Virtud y escatología

Por Daniel Vicente Carrillo

En primer lugar, no soy de la opinión de que el infierno sea para aquellos que no han creído en el evangelio. Si se ha llevado a cabo una búsqueda diligente de Dios, aunque se haya errado en ella, y se ha obrado con recta intención, esto es, de forma sincera y constante, el no creer en la literalidad del dogma cristiano no me parece determinante para ser salvado o condenado. Pues el propio evangelio lo establece:
Entonces comenzaréis a decir: 'Delante de ti hemos comido y bebido, y en nuestras plazas enseñaste'; Y os dirá: 'Os digo que no sé de dónde sois; apartaos de mí todos vosotros, obradores de iniquidad.' Allí será el llanto y el crujir de dientes. (Lucas 13:26-28).
Y también:
No todo el que me dice: 'Señor, Señor', entrará en el reino de los cielos, sino el que hace la voluntad de mi Padre que está en los cielos. (Mateo 7:21).
En segundo lugar, la acostumbrada objeción de que las recompensas y penas sobrenaturales son desproporcionadas a nuestros méritos y deméritos resulta inválida. Toda justicia humana ha de tener un término temporal. Supongamos que te hago un préstamo y me debes dinero; has de devolvérmelo en un año, pero transcurre el año y no lo haces. ¿Qué será necesario para que te conceda una prórroga? Que quieras pagarme y que puedas hacerlo algún día.
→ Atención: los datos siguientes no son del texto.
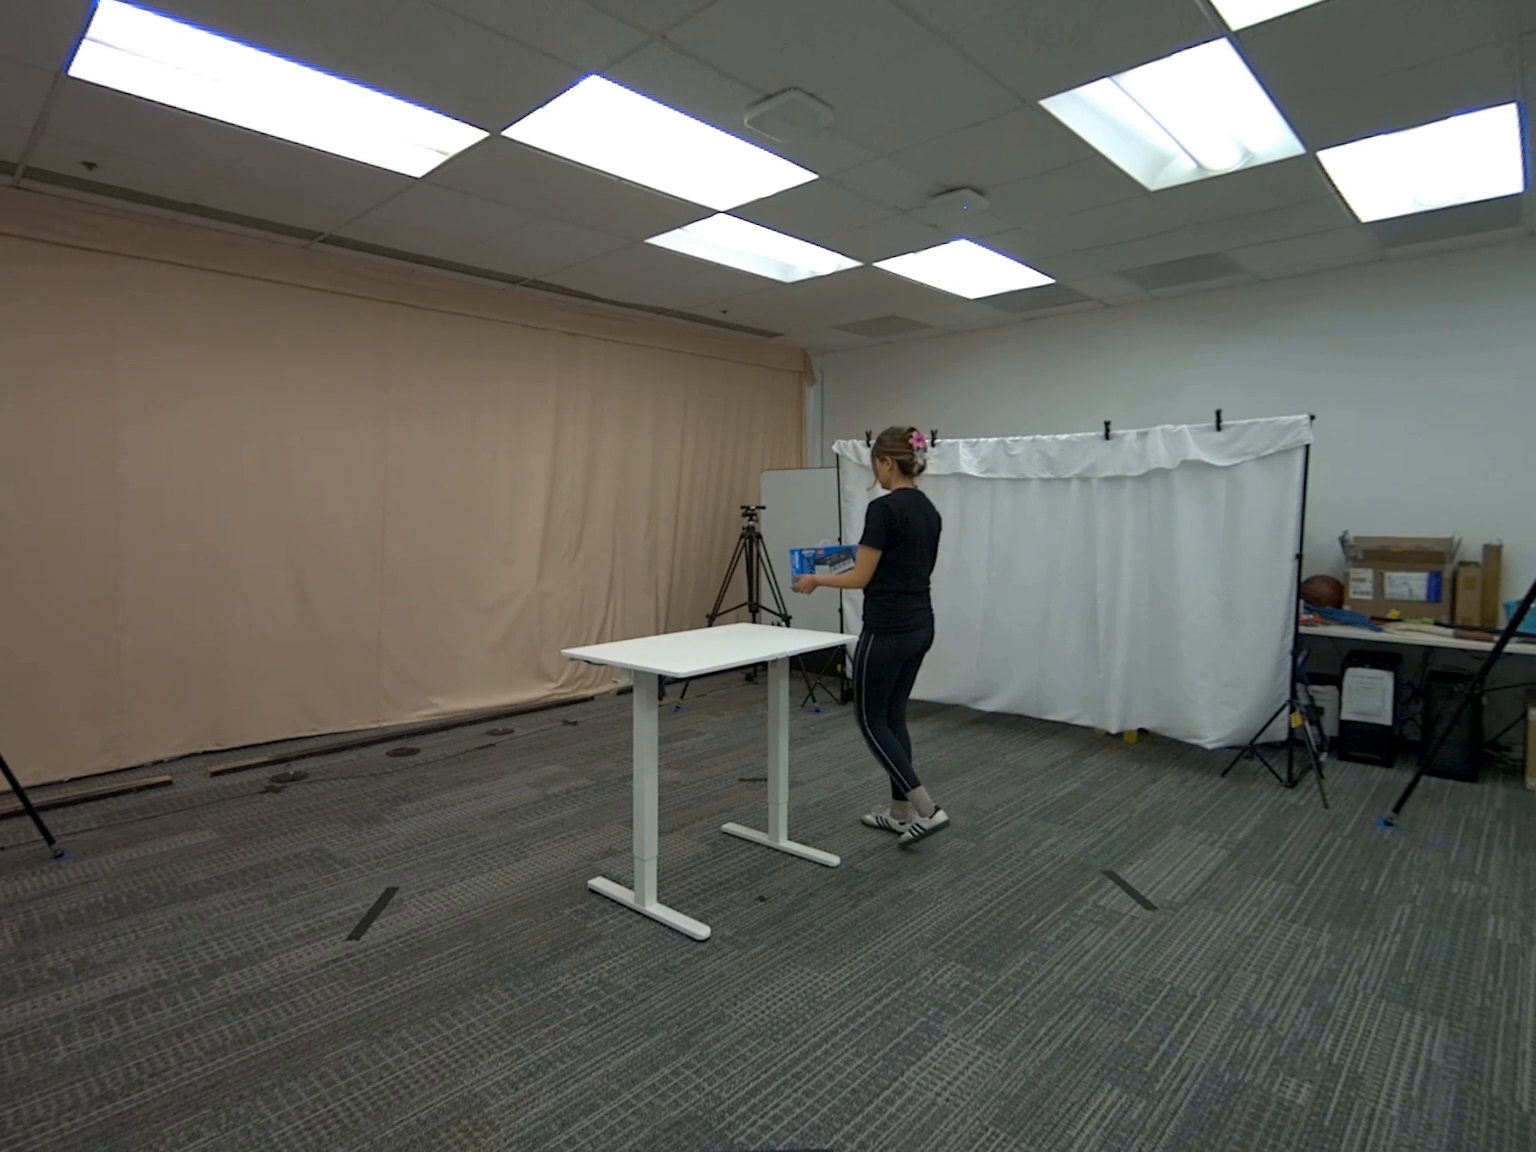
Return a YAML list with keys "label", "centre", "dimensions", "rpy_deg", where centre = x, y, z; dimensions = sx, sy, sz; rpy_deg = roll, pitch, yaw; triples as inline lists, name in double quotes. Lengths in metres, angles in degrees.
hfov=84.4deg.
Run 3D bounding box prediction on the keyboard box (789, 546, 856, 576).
- label: "keyboard box"
  centre: [0.273, -0.041, 3.814]
  dimensions: [0.061, 0.176, 0.424]
  rpy_deg: [-6, 0, 43]

Ese día ha de ser cierto para que la cláusula no sea vana. Si te concediese una prórroga sin condiciones, ¿no estaría permitiendo que te burlaras de mí? Por tanto, llegará el día en que, no habiéndome pagado, no puedas ya pagarme, porque esperé todo lo que razonablemente cabía esperar. Habrás incumplido tu obligación y no estará en tu mano enmendarlo; estará en la mía el forzarte a ello. Y aun si te permitiera que me dejaras a deber, acumulándote el interés, ¿qué ganaría si supiese que no puedo fijar el momento para exigirte el monto, dado que persistirás en tu morosidad?
Pues bien, otro tanto aplica en la existencia humana, que es vista por el cristianismo como un contrato con Dios por el que éste nos cede un bien en depósito (la vida) y nosotros nos obligamos a devolverlo sin menoscabo, es decir, sin haber sido indignos de ese don. El contrato carecería de causa si no contemplase plazo alguno; no habiendo fecha para la devolución, ni pudiéndose exigir, sería una donación encubierta. O lo que es lo mismo, el reconocimiento implícito de nuestra plena soberanía moral y del carácter absoluto de nuestra existencia, nociones contrarias no sólo a la religión, también a la sociedad. Así pues, Dios tiene fijado el día en que le entregaremos de vuelta la vida, momento tras el cual no cabrá que realicemos en ella mejora alguna, toda vez que habrá dejado de ser nuestra. 
Y caiga el árbol al sur o al norte, donde cae el árbol allí se queda. (Eclesiastés 11:3).
El pecado no es menos voluntario en esta vida que en la otra. Pero aquí puede corregirse, mientras que allí ha dejado atrás la posibilidad del perdón y del arrepentimiento. La gracia cesa de obrar, el hombre se curva sobre sí mismo y sólo puede aumentar su mal, al modo de quien se rasca padeciendo sarna. Como el hierro fundido, que es maleable mientras está al rojo y deja de serlo cuando se endurece, la vida del hombre sólo puede aspirar a la virtud ante la amenaza cierta del día en que habrá de rendir cuentas para siempre. La esperanza en un perdón infinito es corruptora, porque hace de la virtud no un fin voluntario, y como tal dependiente del propio esfuerzo, sino una fatal necesidad.